#### RECORDS SHOWN ####

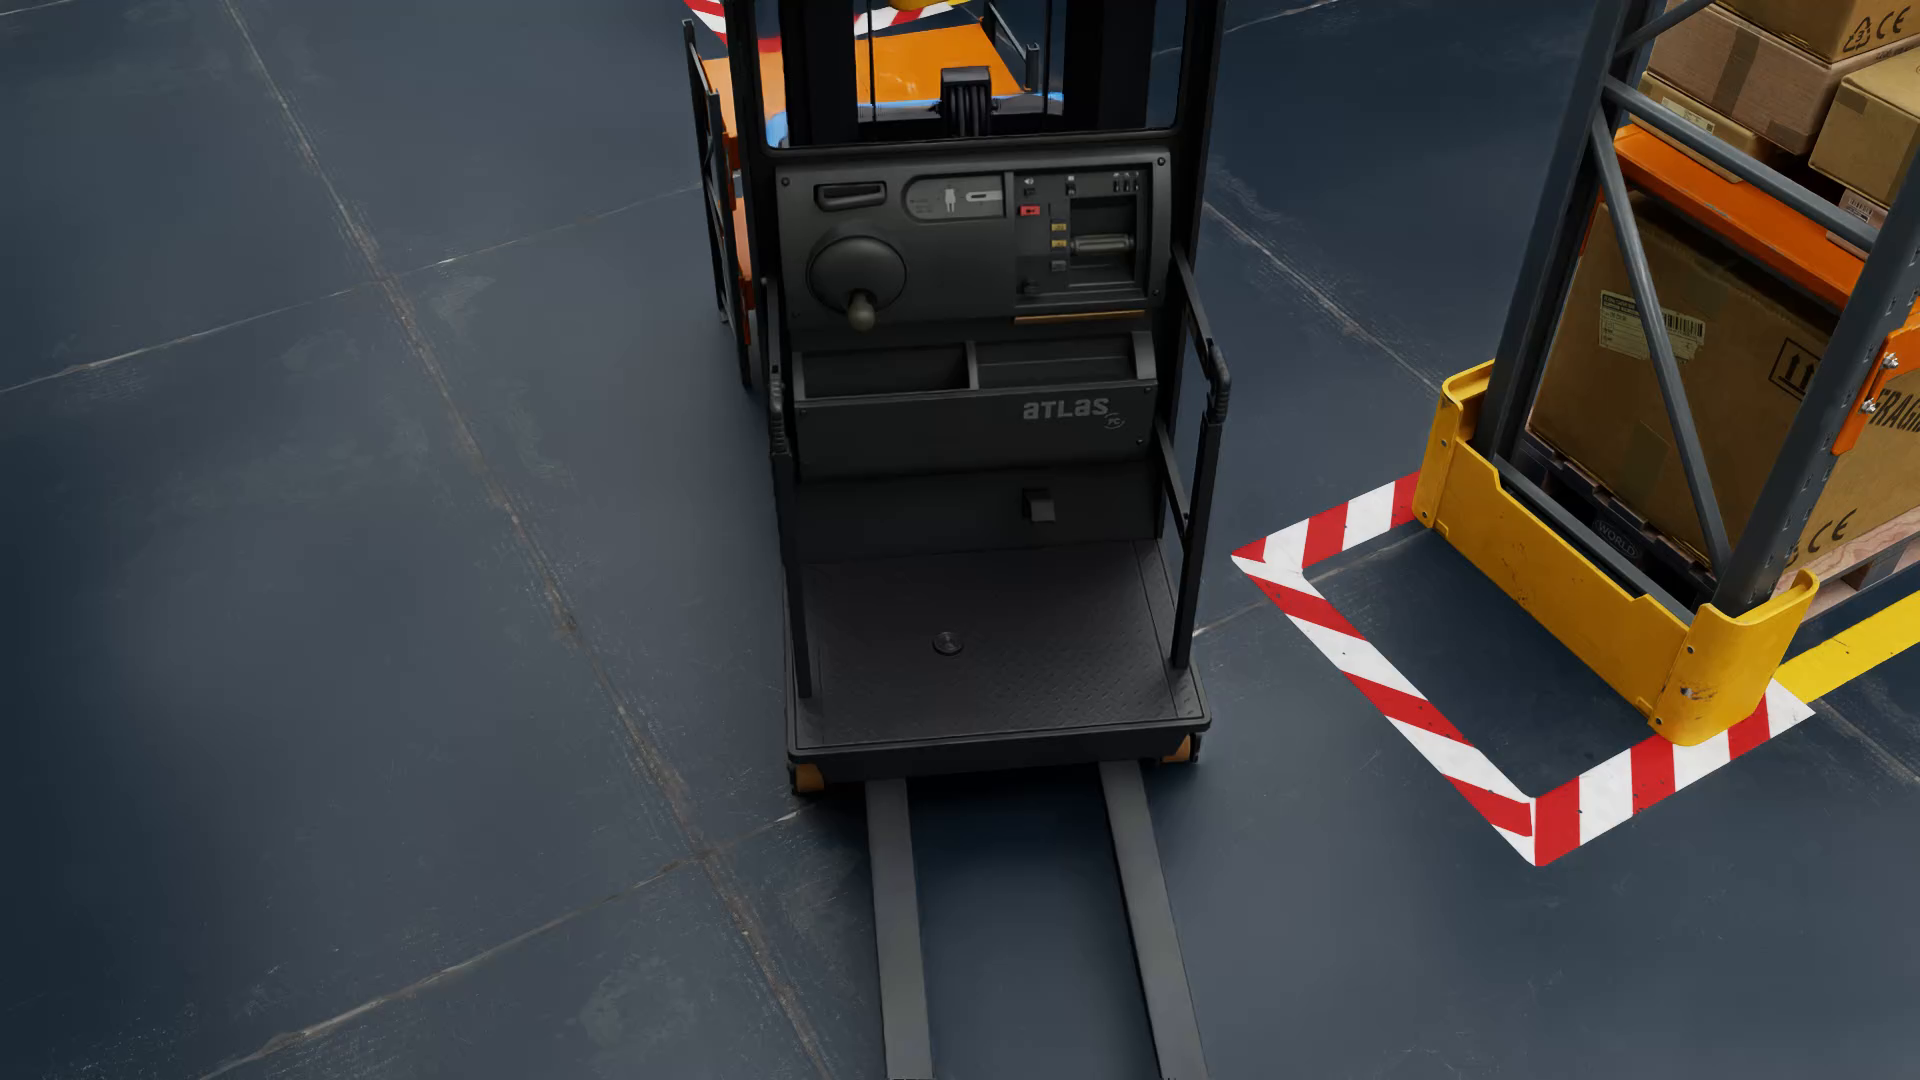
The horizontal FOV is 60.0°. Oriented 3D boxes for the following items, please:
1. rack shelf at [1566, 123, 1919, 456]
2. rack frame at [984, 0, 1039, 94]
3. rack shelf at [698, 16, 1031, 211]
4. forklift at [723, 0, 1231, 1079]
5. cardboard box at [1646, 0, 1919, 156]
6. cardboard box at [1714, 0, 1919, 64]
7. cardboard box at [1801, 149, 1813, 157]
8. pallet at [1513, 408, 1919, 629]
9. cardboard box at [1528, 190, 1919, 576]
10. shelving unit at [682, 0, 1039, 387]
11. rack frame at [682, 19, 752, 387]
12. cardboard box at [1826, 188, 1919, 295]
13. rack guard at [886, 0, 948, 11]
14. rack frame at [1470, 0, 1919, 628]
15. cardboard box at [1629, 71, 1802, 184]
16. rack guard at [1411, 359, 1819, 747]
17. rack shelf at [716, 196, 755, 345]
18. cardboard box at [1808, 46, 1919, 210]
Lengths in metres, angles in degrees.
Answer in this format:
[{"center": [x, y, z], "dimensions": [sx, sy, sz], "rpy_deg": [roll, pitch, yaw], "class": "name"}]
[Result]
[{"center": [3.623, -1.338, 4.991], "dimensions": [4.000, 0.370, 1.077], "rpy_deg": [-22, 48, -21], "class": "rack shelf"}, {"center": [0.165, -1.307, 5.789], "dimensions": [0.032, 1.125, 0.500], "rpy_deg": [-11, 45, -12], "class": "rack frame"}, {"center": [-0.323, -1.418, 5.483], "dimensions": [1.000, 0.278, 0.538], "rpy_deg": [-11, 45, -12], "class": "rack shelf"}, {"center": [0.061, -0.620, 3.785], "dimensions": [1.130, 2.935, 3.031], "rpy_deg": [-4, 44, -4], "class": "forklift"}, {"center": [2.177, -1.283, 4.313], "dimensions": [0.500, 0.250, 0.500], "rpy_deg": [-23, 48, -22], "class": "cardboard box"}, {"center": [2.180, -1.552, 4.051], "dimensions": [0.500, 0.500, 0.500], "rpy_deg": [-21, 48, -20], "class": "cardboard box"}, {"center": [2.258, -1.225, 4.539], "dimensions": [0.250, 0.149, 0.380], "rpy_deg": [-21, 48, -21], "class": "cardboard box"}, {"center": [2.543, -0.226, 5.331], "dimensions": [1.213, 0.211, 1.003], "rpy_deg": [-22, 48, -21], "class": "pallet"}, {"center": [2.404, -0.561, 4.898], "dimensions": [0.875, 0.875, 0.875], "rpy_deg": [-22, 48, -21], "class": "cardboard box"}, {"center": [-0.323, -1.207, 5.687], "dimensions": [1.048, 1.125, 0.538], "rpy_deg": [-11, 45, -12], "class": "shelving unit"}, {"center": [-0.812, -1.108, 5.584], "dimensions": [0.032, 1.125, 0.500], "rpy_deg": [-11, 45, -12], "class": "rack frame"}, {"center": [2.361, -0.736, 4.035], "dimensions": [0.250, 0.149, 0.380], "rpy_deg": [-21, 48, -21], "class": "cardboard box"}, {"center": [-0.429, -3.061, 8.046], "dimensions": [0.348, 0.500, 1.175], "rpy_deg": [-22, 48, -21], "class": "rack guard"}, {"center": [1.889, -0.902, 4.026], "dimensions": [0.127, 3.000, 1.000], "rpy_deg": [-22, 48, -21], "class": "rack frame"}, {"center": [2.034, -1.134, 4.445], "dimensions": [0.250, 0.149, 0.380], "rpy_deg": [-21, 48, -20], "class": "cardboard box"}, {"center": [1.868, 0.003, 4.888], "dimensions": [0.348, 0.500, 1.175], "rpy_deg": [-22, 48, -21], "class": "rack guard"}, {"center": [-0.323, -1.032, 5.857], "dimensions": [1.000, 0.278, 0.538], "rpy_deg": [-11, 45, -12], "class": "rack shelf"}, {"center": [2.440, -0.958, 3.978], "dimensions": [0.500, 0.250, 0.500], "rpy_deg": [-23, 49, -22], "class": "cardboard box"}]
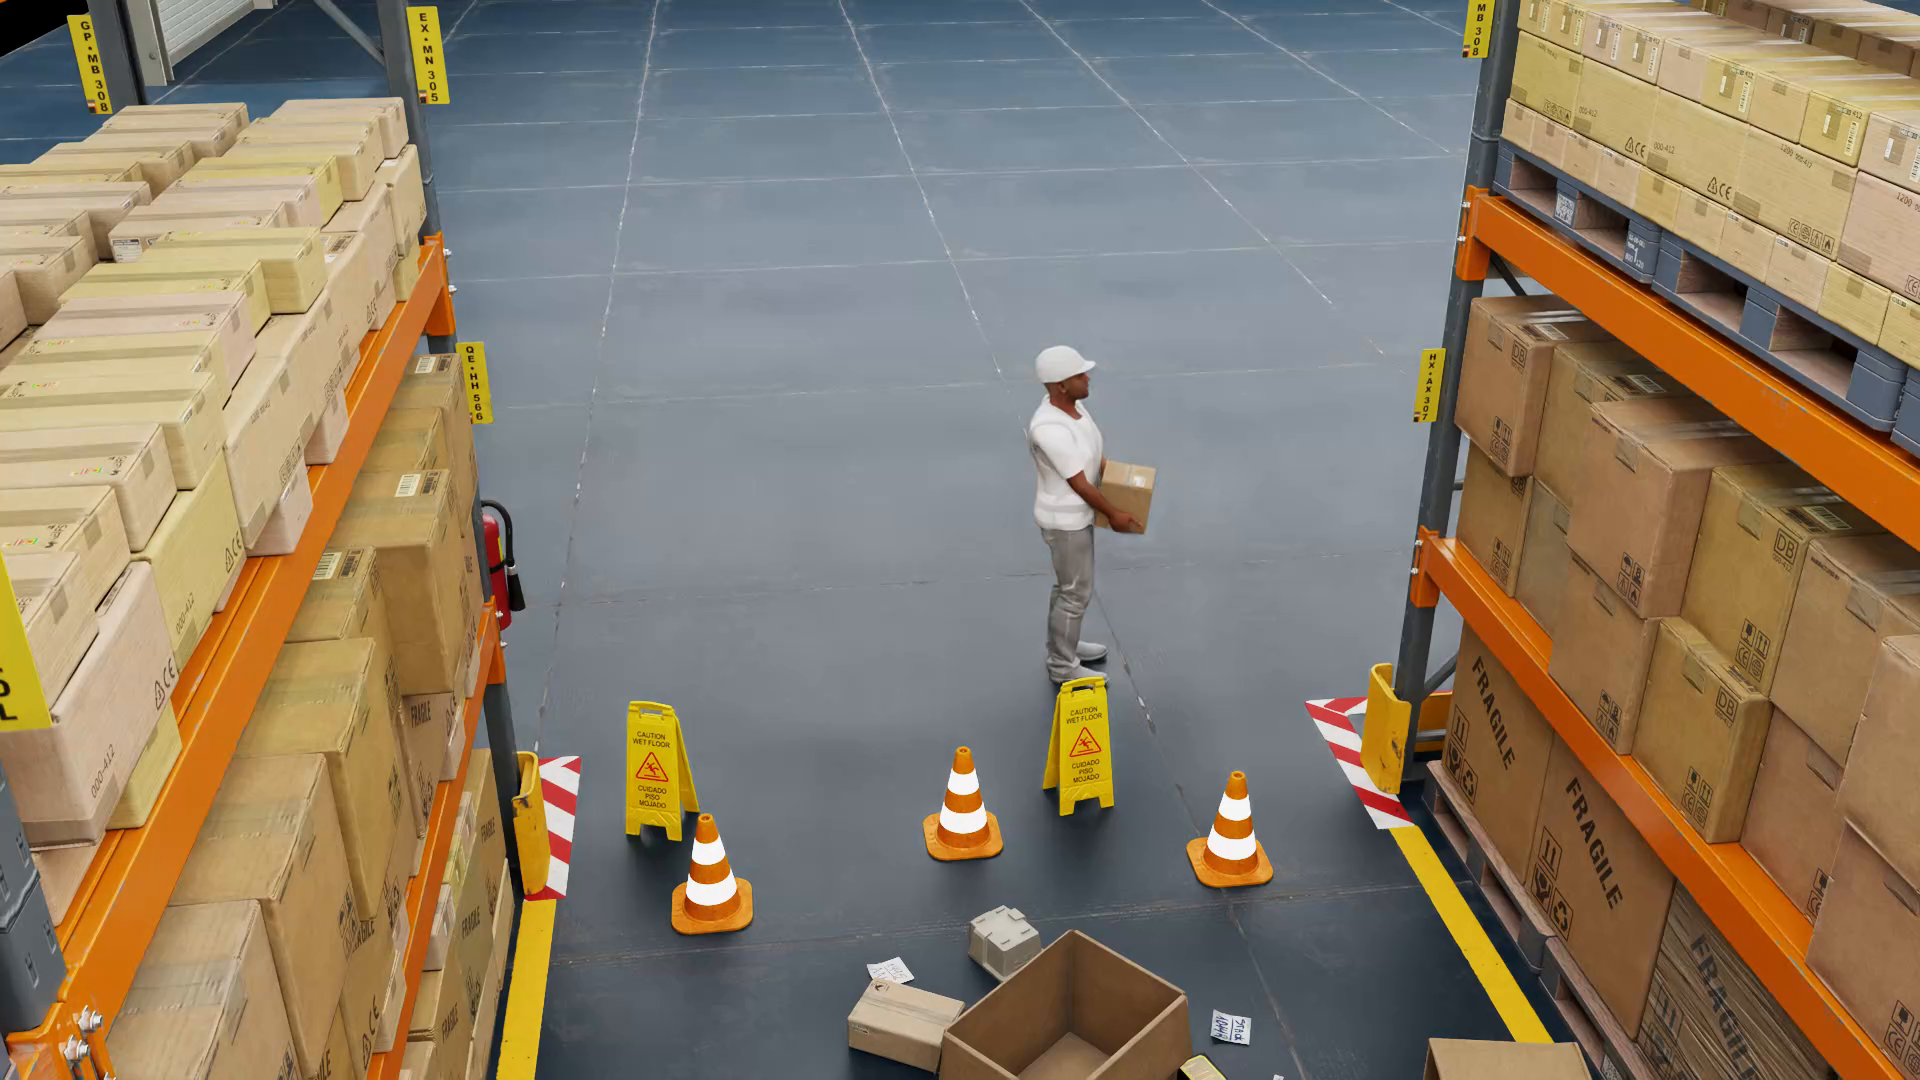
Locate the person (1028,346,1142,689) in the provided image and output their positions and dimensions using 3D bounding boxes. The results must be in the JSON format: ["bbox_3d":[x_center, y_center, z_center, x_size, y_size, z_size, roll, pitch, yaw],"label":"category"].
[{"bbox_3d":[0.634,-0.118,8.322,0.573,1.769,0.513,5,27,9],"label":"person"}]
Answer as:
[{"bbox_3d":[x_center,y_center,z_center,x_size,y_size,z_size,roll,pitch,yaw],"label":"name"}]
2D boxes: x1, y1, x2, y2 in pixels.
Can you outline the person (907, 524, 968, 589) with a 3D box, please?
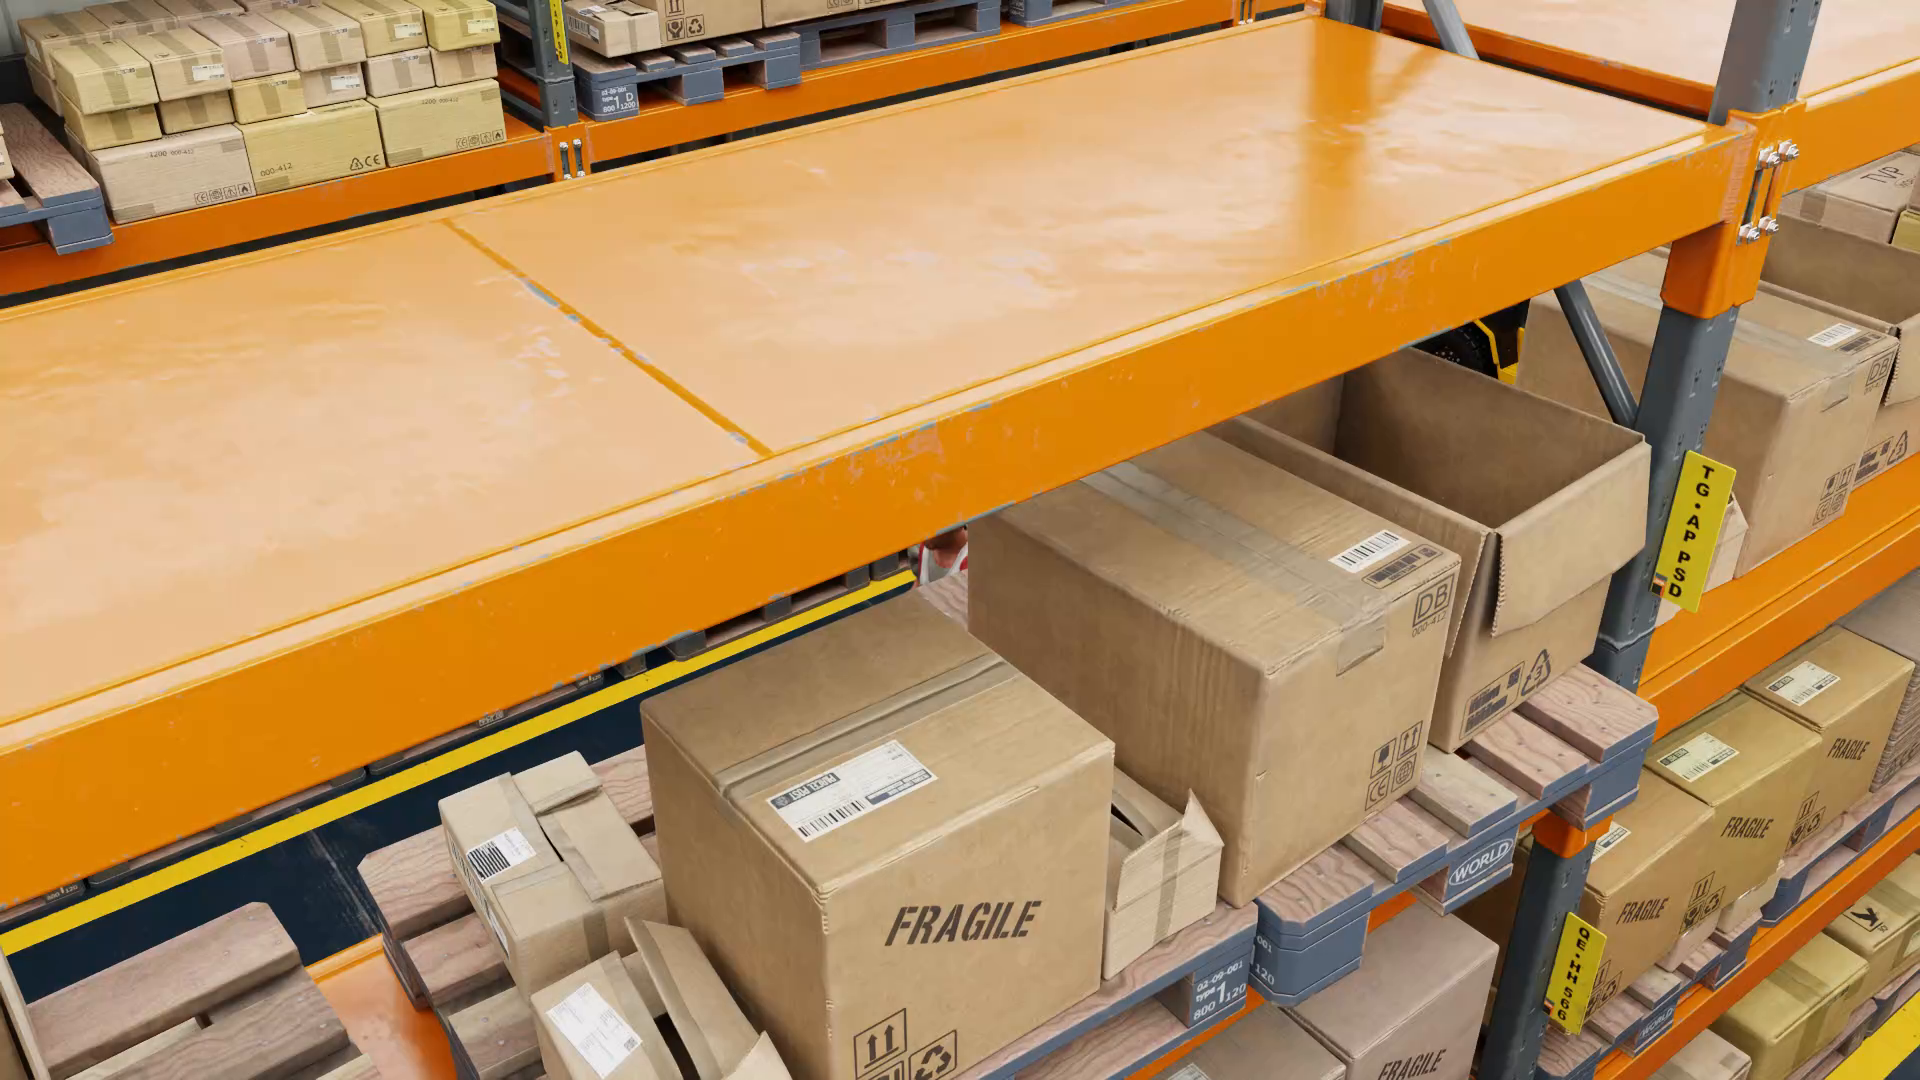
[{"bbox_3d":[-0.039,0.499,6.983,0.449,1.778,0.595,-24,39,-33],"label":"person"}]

####

- [AIM OF THE TASK] Determine the number of lines in the preceding data that contain the word "name". Reply with that number only.

- [RESPONSE TO THE TASK] 2